Sydney - Zwei Dingos haben einen deutschen Touristen an der Ostküste Australiens angefallen und schwer verletzt. Die Wildhunde bissen dem 23-Jährigen in Kopf, Arme und Beine, wie die Zeitung "Brisbane Times" am Sonntag berichtete. Der Angriff geschah Samstag früh (Ortszeit) auf der Sandinsel Fraser im Bundesstaat Queensland. Zunächst war lediglich von einem einzelnen Dingo die Rede gewesen.

Wie die Nationalparkverwaltung mitteilte, hatte der 23-Jährige seinen Campingplatz verlassen und die Orientierung verloren. Er sei dann alleine auf einem Pfad eingeschlafen.

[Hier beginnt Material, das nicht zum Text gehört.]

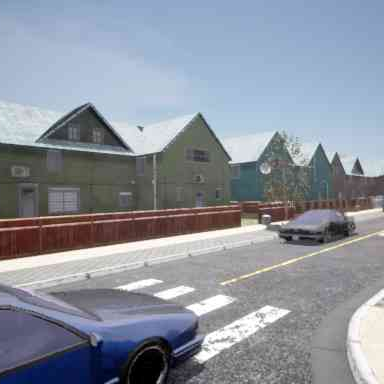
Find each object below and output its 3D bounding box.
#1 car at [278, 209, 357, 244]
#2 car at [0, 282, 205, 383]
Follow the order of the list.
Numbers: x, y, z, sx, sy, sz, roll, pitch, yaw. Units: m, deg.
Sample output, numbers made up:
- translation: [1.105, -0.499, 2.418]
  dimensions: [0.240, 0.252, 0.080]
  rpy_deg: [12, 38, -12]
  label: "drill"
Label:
- translation: [6.221, 1.548, 16.038]
  dimensions: [2.033, 1.411, 5.357]
  rpy_deg: [-2, -1, 44]
  label: "car"
- translation: [-2.260, 1.596, 2.977]
  dimensions: [2.033, 1.411, 5.357]
  rpy_deg: [-1, 0, 44]
  label: "car"
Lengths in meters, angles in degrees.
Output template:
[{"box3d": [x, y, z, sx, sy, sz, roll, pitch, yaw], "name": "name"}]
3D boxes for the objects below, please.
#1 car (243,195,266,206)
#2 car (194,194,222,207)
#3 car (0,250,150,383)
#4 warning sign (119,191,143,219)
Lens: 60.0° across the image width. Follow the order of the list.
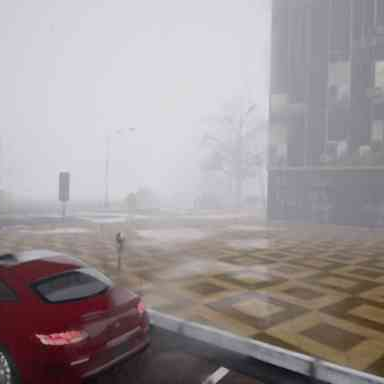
[{"box3d": [8.875, 1.167, 47.468, 1.812, 1.442, 4.674, 2, 1, 35], "name": "car"}, {"box3d": [2.109, 1.060, 43.135, 2.128, 1.511, 4.902, 2, 1, 35], "name": "car"}, {"box3d": [-2.463, 1.512, 4.777, 4.206, 1.307, 1.802, 1, 1, 35], "name": "car"}, {"box3d": [-4.300, 0.890, 23.512, 1.300, 1.860, 1.060, 2, 1, 34], "name": "warning sign"}]

Der junge Mann wurde mit einem Hubschrauber in ein Krankenhaus auf dem Festland geflogen. "Sein Zustand ist stabil", sagte ein Sprecher der örtlichen Gesundheitsbehörde. Er werde nicht allzu lange im Krankenhaus bleiben müssen. Über die genaue Identität und Herkunft des Deutschen konnte er nichts sagen.

"Wilde Tiere"

"Dieser Vorfall dient als Mahnung, dass Dingos wilde Tiere sind und als solche behandelt werden müssen", sagte der örtliche Chef der Nationalparkverwaltung, Ross Belcher. Er rief dazu auf, die Wildhund-Warnungen zu beachten. So sollen die Tiere auf keinen Fall gefüttert werden. Nach dem Angriff auf den Deutschen verstärkten Ranger ihre Patrouillen auf Fraser, der größten Sandinsel der Welt. Sie liegt rund 1.000 Kilometer nördlich von Sydney.

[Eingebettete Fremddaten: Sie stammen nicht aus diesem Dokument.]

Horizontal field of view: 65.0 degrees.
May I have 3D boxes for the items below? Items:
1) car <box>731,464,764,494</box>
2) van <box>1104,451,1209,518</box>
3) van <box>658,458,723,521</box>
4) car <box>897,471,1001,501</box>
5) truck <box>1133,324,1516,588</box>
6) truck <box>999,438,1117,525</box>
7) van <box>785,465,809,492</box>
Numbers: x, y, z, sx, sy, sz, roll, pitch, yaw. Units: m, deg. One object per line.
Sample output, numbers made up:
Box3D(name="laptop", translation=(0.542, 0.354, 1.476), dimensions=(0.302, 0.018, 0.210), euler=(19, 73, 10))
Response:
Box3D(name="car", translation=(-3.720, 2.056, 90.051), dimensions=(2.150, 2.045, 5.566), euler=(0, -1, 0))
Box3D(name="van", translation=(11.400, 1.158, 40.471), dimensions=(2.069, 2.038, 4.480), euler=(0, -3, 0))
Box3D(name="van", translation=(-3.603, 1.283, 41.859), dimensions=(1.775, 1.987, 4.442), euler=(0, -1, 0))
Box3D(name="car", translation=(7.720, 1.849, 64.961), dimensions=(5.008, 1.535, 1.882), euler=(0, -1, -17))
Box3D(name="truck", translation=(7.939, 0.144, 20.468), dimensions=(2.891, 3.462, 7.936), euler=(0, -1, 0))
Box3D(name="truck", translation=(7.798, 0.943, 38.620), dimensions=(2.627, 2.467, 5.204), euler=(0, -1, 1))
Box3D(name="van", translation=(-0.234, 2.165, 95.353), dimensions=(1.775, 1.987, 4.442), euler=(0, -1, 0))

Der Deutsche sei möglicherweise nicht vorsichtig genug gewesen, meinte die Naturschutzorganisation Fido. "Es klingt so, als ob er etwas unverantwortlich war", sagte Sprecher John Sinclair nach einem Bericht der Nachrichtenagentur AAP. Die Insel-Besucher sollten Spazierstöcke dabei haben, um sich vor möglichen Dingo-Angriffen zu schützen. Außerdem sollten Touristen immer in Gruppen oder zumindest zu zweit unterwegs sein. "Die Besucher müssen Verantwortung für sich selbst übernehmen und sich darüber im Klaren sein, dass Dingos Raubtiere und nicht Haushunde sind."

Tiere werden nicht getötet

Trotz des Angriffs soll keines der Tiere getötet werden. Der 23-Jährige habe die beiden Dingos nicht genau beschreiben können, teilte das Nationalpark-Ministerium mit.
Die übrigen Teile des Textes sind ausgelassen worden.